I can’t prove it, but I am pretty sure that he had a mild heart attack during the game and just refused to let on. I say that now because he had felt pain from the colon cancer for a while and never told anyone about that pain either until the first stroke—a stroke cause by cancer cells. He died less than a week after his cancer diagnosis.
That championship game was the last game he ever watched me play.
The next week, with LaVille coming to Argos for a rematch of that legendary final the following Friday, my dad pulled me aside and asked if it would be ok if he didn’t come to the game. He explained that he just was getting too worked up during the games and he thought it would be better if he stayed home and let me tell him about the game when I got home.
Of course, I said that was fine with me — even though it wasn’t.
He never wavered in his support. He wanted to hear all about the games and how I did — every detail. And I look back now and think I was blessed to have those conversations which were positive and informative, unlike too many parents now who ruin their kids with over-analysis and emotional deflation immediately after games.

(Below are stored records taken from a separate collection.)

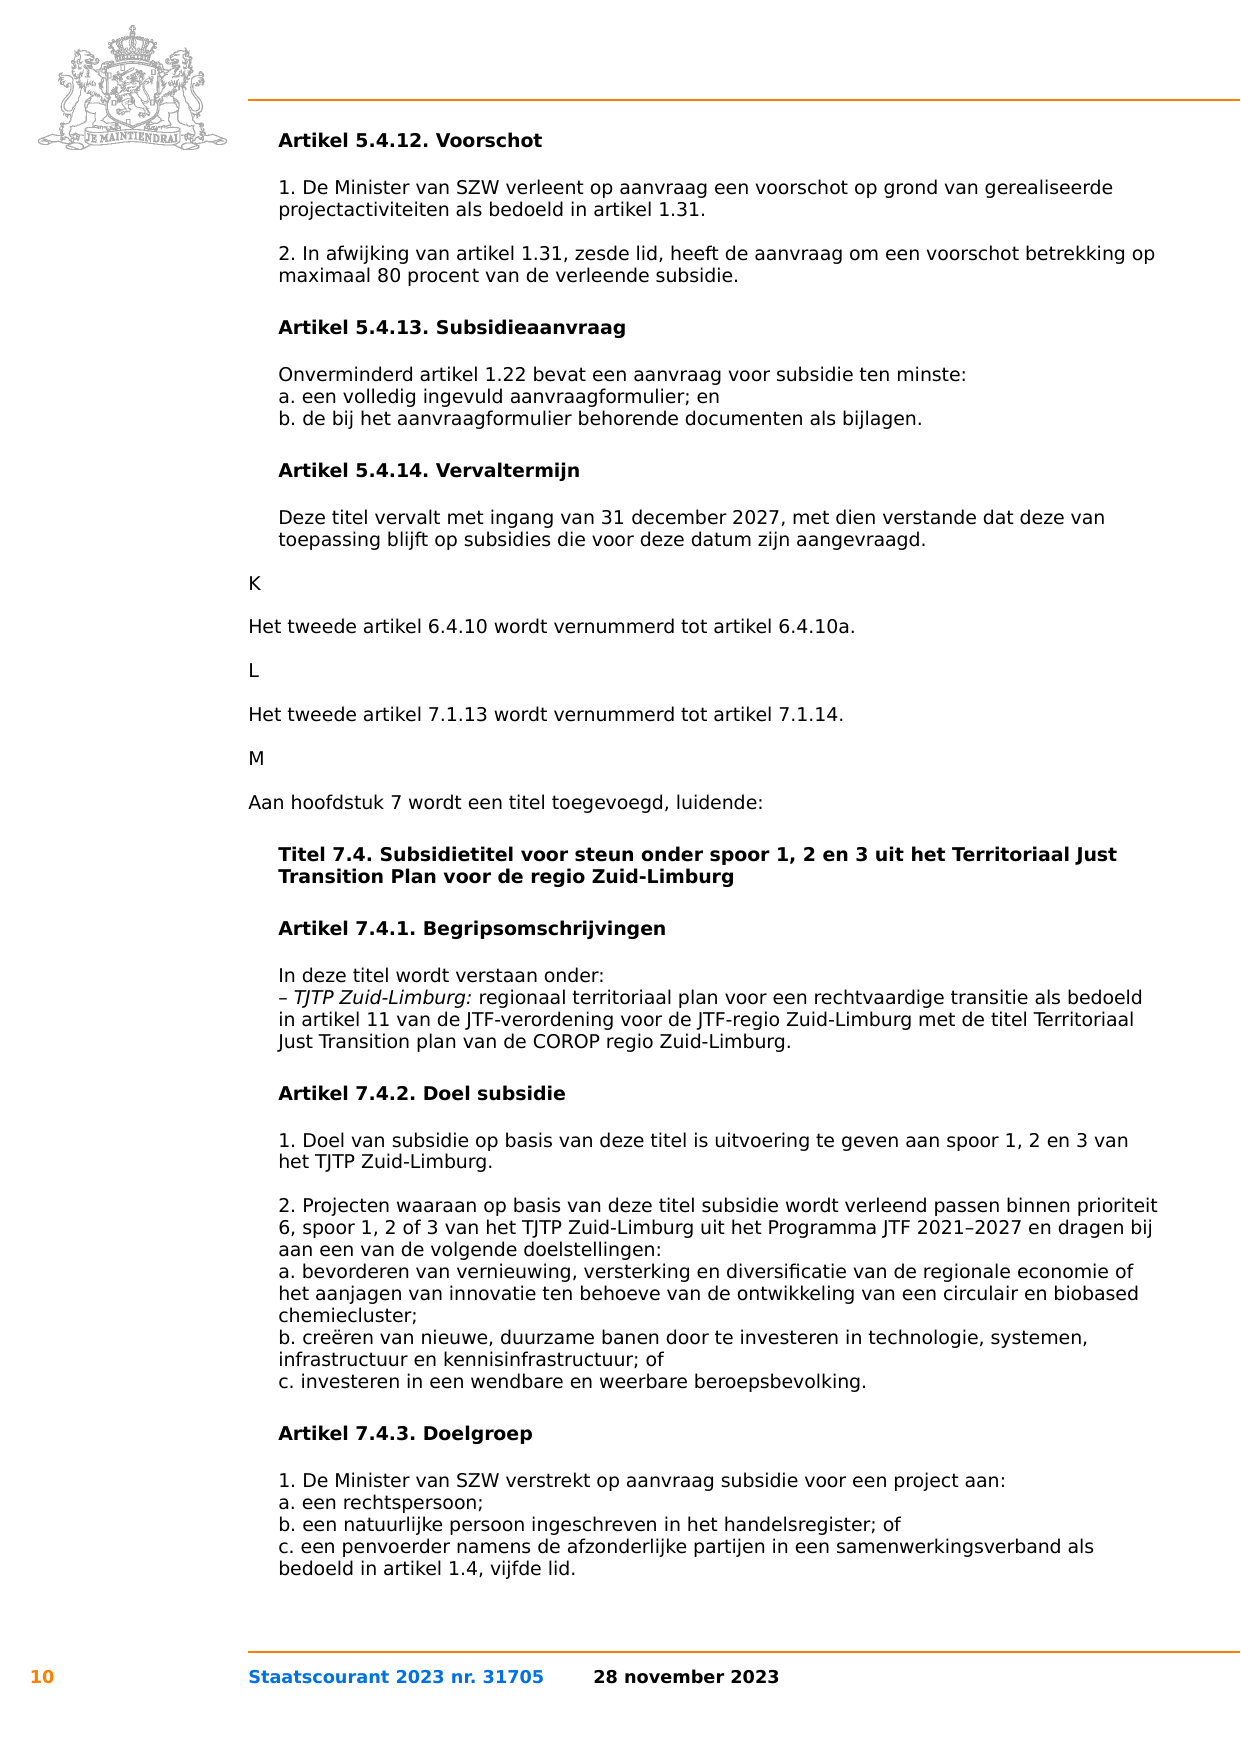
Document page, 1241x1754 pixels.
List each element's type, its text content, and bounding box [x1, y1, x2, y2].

subtitle Artikel 7.4.3. Doelgroep [278, 1423, 1163, 1445]
text 2. Projecten waaraan op basis van deze titel subsidie wordt verleend passen binnen prioriteit 6, spoor 1, 2 of 3 van het TJTP Zuid-Limburg uit het Programma JTF 2021–2027 en dragen bij aan een van de volgende doelstellingen: [278, 1195, 1163, 1261]
subtitle Artikel 5.4.14. Vervaltermijn [278, 459, 1163, 482]
subtitle Artikel 5.4.12. Voorschot [278, 130, 1163, 152]
text b. de bij het aanvraagformulier behorende documenten als bijlagen. [278, 408, 1163, 429]
subtitle Artikel 7.4.1. Begripsomschrijvingen [278, 918, 1163, 939]
text a. bevorderen van vernieuwing, versterking en diversificatie van de regionale economie of het aanjagen van innovatie ten behoeve van de ontwikkeling van een circulair en biobased chemiecluster; [278, 1261, 1163, 1327]
text L [248, 660, 1163, 682]
text b. een natuurlijke persoon ingeschreven in het handelsregister; of [278, 1514, 1163, 1536]
text 1. De Minister van SZW verstrekt op aanvraag subsidie voor een project aan: [278, 1470, 1163, 1492]
text a. een rechtspersoon; [278, 1492, 1163, 1514]
text Het tweede artikel 6.4.10 wordt vernummerd tot artikel 6.4.10a. [248, 616, 1163, 638]
text Deze titel vervalt met ingang van 31 december 2027, met dien verstande dat deze van toepassing blijft op subsidies die voor deze datum zijn aangevraagd. [278, 507, 1163, 551]
subtitle Artikel 5.4.13. Subsidieaanvraag [278, 317, 1163, 339]
text b. creëren van nieuwe, duurzame banen door te investeren in technologie, systemen, infrastructuur en kennisinfrastructuur; of [278, 1327, 1163, 1371]
text 1. De Minister van SZW verleent op aanvraag een voorschot op grond van gerealiseerde projectactiviteiten als bedoeld in artikel 1.31. [278, 177, 1163, 221]
text a. een volledig ingevuld aanvraagformulier; en [278, 386, 1163, 408]
text Aan hoofdstuk 7 wordt een titel toegevoegd, luidende: [248, 792, 1163, 814]
text 2. In afwijking van artikel 1.31, zesde lid, heeft de aanvraag om een voorschot betrekking op maximaal 80 procent van de verleende subsidie. [278, 243, 1163, 287]
text K [248, 572, 1163, 594]
text – TJTP Zuid-Limburg: regionaal territoriaal plan voor een rechtvaardige transitie als bedoeld in artikel 11 van de JTF-verordening voor de JTF-regio Zuid-Limburg met de titel Territoriaal Just Transition plan van de COROP regio Zuid-Limburg. [278, 987, 1163, 1052]
text c. een penvoerder namens de afzonderlijke partijen in een samenwerkingsverband als bedoeld in artikel 1.4, vijfde lid. [278, 1536, 1163, 1580]
text c. investeren in een wendbare en weerbare beroepsbevolking. [278, 1371, 1163, 1393]
text Onverminderd artikel 1.22 bevat een aanvraag voor subsidie ten minste: [278, 364, 1163, 386]
text M [248, 748, 1163, 770]
subtitle Titel 7.4. Subsidietitel voor steun onder spoor 1, 2 en 3 uit het Territoriaal Just Transition Plan voor de regio Zuid-Limburg [278, 844, 1163, 888]
text In deze titel wordt verstaan onder: [278, 964, 1163, 987]
picture [38, 25, 227, 150]
text 1. Doel van subsidie op basis van deze titel is uitvoering te geven aan spoor 1, 2 en 3 van het TJTP Zuid-Limburg. [278, 1129, 1163, 1173]
subtitle Artikel 7.4.2. Doel subsidie [278, 1082, 1163, 1104]
text Het tweede artikel 7.1.13 wordt vernummerd tot artikel 7.1.14. [248, 704, 1163, 726]

I remember taking him to his first, and only, Notre Dame Football game. Taking him up that tunnel and out into the seating area for the first time was like that moment in the movie when Rudy’s dad said with awe “this is the most beautiful sight these eyes have ever seen.”
It was the least I could do for the man who took me to my first Cubs game at Wrigley Field.
I think about him a lot — especially when I am trying to fix, build or put something together. He was brilliant at that, and I have none of it.
What I did get from him is a love for people. He used his work as a tractor mechanic in order to build relationships, and now I find myself trying to do the same through sports.
Happy birthday Dad. I tell my kids about you every chance I get, and I can’t wait for them to meet you someday in a place where there’s no more pain, no more heartache and no more tears.